Great Ideas for your Small Business: Turn to Spiritual Leaders and Science for Management Advice
entrepreneurs looking for a new spin on management might want to read two provocative books: Moses on Management (Pocket Books, 2000), by Los Angeles–based Rabbi David Baron, and Leader- ship by the Book (William Morrow, 1999), by Ken Blanchard.
In this confusing and unsettling time, it’s no surprise that two revered spiritual leaders have been tapped to provide modern management advice. If you’ve tried traditional management books and are open to a new spin, here’s what you’ll find: In his book, Blanchard, with coauthors Bill Hybels, senior pastor of Willow Creek Community Church in Chica- go, and Phil Hodges, managing director of the Center for FaithWalk Leadership, explain the principles of “servant leadership” by telling a scary story with a happy ending.
Michael, a hard-driving, workaholic executive who has neglected his family, friends, and spiritual life, has a serious heart attack. His collapse brings two longtime friends back into his life: The Professor (a thinly disguised Blanchard) and The Minister. What Michael learns during the course of the 197-page story is that true leaders think of themselves as servants to their customers and employees. Anyone who runs a small business is in the service business and can apply these parables.
Rabbi David Baron, founder of Temple Shalom for the Arts in Beverly Hills, said he started writing sermons about how the Bible relates to business issues as a way to reach out to members of his busy congregation.

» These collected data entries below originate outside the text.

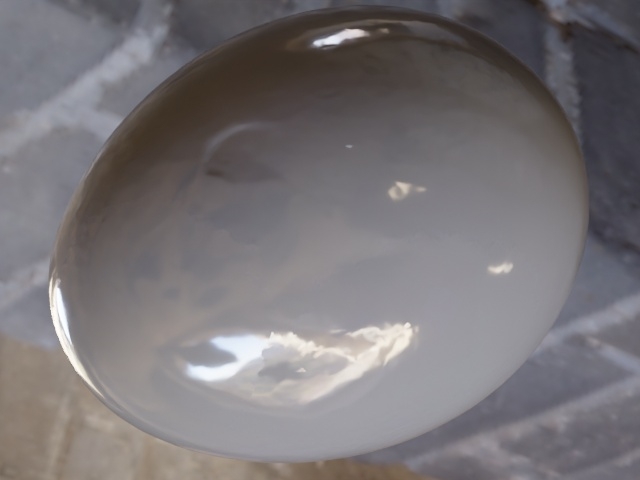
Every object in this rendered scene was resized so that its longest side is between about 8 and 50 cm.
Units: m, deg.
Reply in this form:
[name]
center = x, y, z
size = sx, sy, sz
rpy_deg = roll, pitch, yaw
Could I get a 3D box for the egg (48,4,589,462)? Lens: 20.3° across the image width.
[egg]
center = 0.000, 0.000, 0.710
size = 0.176, 0.232, 0.176
rpy_deg = 32, 136, 37
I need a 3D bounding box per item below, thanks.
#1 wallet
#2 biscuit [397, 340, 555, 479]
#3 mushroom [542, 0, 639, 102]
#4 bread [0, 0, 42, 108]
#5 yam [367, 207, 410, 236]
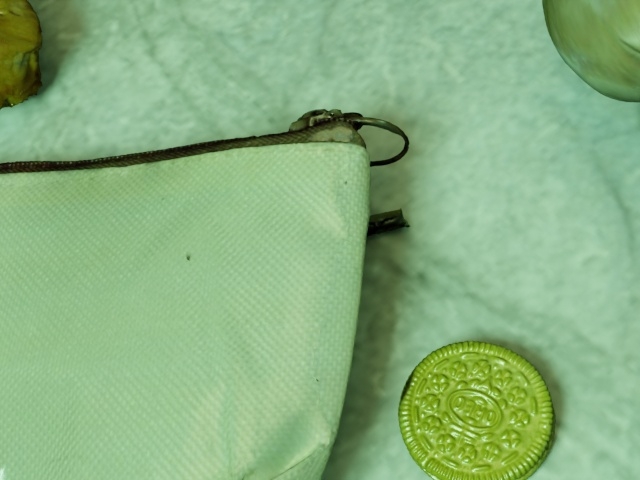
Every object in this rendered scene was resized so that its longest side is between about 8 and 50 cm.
[{"bbox_3d":[-0.119,0.053,0.651,0.335,0.068,0.274,-5,62,16],"label":"wallet"},{"bbox_3d":[0.084,0.094,0.625,0.084,0.023,0.084,-4,63,7],"label":"biscuit"},{"bbox_3d":[0.248,-0.122,0.615,0.244,0.243,0.243,-4,63,7],"label":"mushroom"},{"bbox_3d":[-0.312,-0.123,0.718,0.271,0.077,0.139,-11,59,-26],"label":"bread"},{"bbox_3d":[0.000,0.000,0.692,0.107,0.014,0.014,-16,62,2],"label":"yam"}]
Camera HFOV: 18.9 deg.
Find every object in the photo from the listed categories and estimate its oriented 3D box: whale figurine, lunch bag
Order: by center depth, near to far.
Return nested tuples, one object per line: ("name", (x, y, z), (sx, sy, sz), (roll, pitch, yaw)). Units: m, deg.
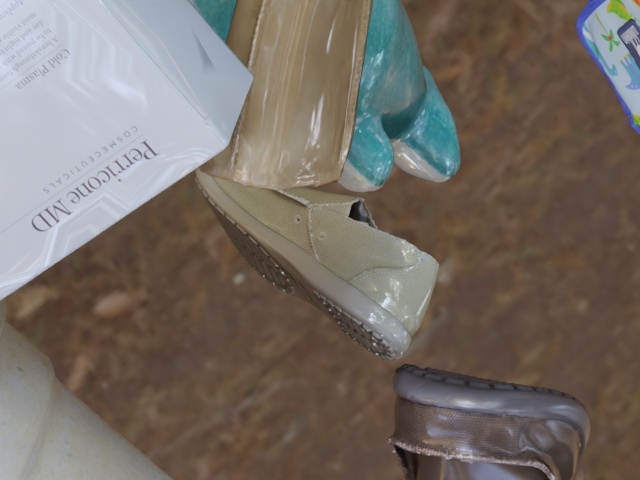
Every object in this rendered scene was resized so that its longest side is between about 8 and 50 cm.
("lunch bag", (0.208, -0.145, 1.107), (0.096, 0.151, 0.129), (1, 169, -10))
("whale figurine", (0.015, -0.130, 1.276), (0.141, 0.216, 0.272), (-40, 141, 23))

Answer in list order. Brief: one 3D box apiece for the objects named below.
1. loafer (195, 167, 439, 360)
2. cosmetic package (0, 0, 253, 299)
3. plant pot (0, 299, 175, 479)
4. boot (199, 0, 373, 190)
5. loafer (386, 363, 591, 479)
("loafer", (0.000, 0.000, 1.586), (0.092, 0.268, 0.102), (-43, 144, -12))
("cosmetic package", (-0.270, -0.075, 1.003), (0.377, 0.097, 0.284), (-32, 108, 23))
("plant pot", (-0.183, 0.250, 1.263), (0.305, 0.334, 0.334), (34, 103, -17))
("boot", (0.015, -0.174, 1.122), (0.236, 0.089, 0.269), (-11, 112, -59))
("loafer", (0.130, 0.189, 1.407), (0.366, 0.134, 0.130), (52, 50, -63))
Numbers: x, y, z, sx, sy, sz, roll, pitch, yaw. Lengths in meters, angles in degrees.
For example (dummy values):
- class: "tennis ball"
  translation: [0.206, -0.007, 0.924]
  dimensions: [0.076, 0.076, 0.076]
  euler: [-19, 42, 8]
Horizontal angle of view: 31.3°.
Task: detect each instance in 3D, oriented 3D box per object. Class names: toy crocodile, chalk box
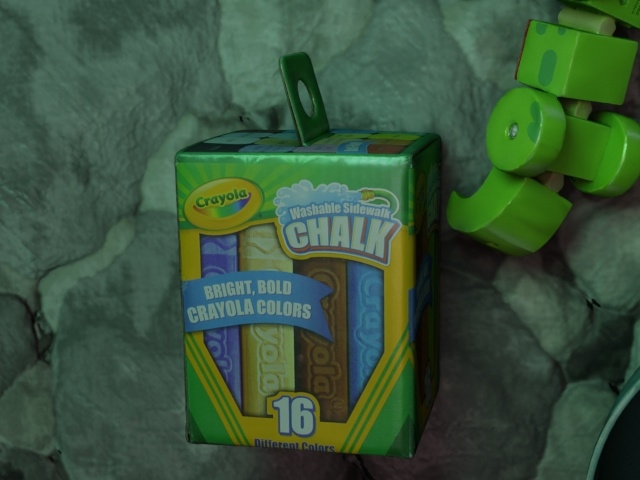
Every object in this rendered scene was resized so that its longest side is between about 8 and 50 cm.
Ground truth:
- class: "toy crocodile"
  translation: [0.196, -0.145, 0.866]
  dimensions: [0.115, 0.105, 0.340]
  euler: [9, 106, -31]
- class: "chalk box"
  translation: [0.000, 0.000, 0.894]
  dimensions: [0.179, 0.180, 0.288]
  euler: [3, 102, 13]

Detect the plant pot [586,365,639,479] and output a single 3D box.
- class: "plant pot"
  translation: [0.341, 0.170, 0.836]
  dimensions: [0.293, 0.196, 0.293]
  euler: [2, 101, 12]
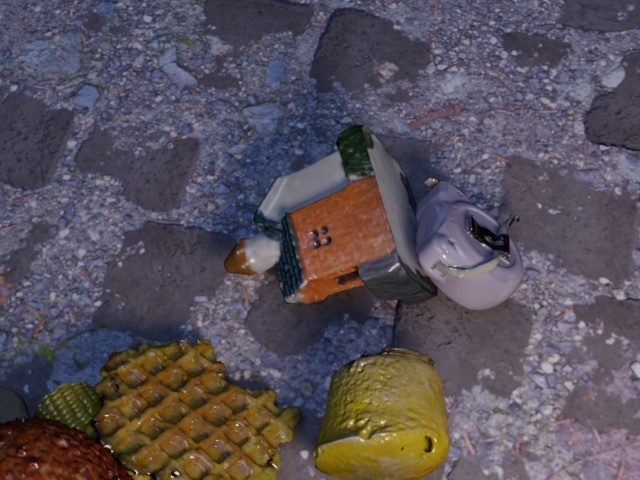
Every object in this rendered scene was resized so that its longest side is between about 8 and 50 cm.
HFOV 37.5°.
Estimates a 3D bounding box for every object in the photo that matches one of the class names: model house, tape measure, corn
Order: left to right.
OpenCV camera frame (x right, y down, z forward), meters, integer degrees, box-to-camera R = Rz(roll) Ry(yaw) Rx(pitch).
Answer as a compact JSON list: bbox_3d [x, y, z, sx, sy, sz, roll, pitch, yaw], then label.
[{"bbox_3d":[-0.304,0.328,1.355,0.123,0.122,0.305,-50,62,11],"label":"corn"},{"bbox_3d":[0.000,0.000,1.479,0.300,0.190,0.271,-20,64,13],"label":"model house"},{"bbox_3d":[0.229,0.010,1.425,0.178,0.105,0.196,31,33,-21],"label":"tape measure"}]

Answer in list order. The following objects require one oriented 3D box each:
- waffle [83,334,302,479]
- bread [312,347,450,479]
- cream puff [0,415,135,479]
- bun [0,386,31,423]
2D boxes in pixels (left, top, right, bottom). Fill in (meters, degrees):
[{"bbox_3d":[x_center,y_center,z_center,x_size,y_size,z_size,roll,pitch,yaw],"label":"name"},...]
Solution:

He said many people would like the companies they own or work for to reflect values they cherish.
Often entrepreneurs are too busy running their businesses to think about incorporating important values into their day-to-day management decisions. Yet, a truly successful business has to operate based on the ethics of its owner and employees. For example, if you cheat or short-change your customers, you shouldn’t be surprised if your employees do, too. If you tell white lies about why you were late or missed an appointment, your employees will think it is OK if they do the same. “The more I got into [these topics], the more it resonated with business people,” Baron said. His book explores how to balance business success with ethics. Lessons shared include asking for what you want, the same way Moses asked Pharaoh to free the Jews, and “bringing your staff out of the slave mentality.” Baron also considers why God chose Moses for such a tough leadership role when he was hardly management material. “Imagine hiring a manager whose profile reads: reluctant to lead, stutters, distant, prone to long mountain- top vigils, temperamental to the point of smashing corporate mission statements, strikes out instead of speaking, settles disputes through swift violent means, and never reaches his ultimate objective.” Baron’s point is that you have to look beyond the obvious when you are hiring new employees or grooming current employees for a promotion. Evaluate people based on how they have handled a cri- sis, dealt with an upset customer, or reached out to a troubled coworker.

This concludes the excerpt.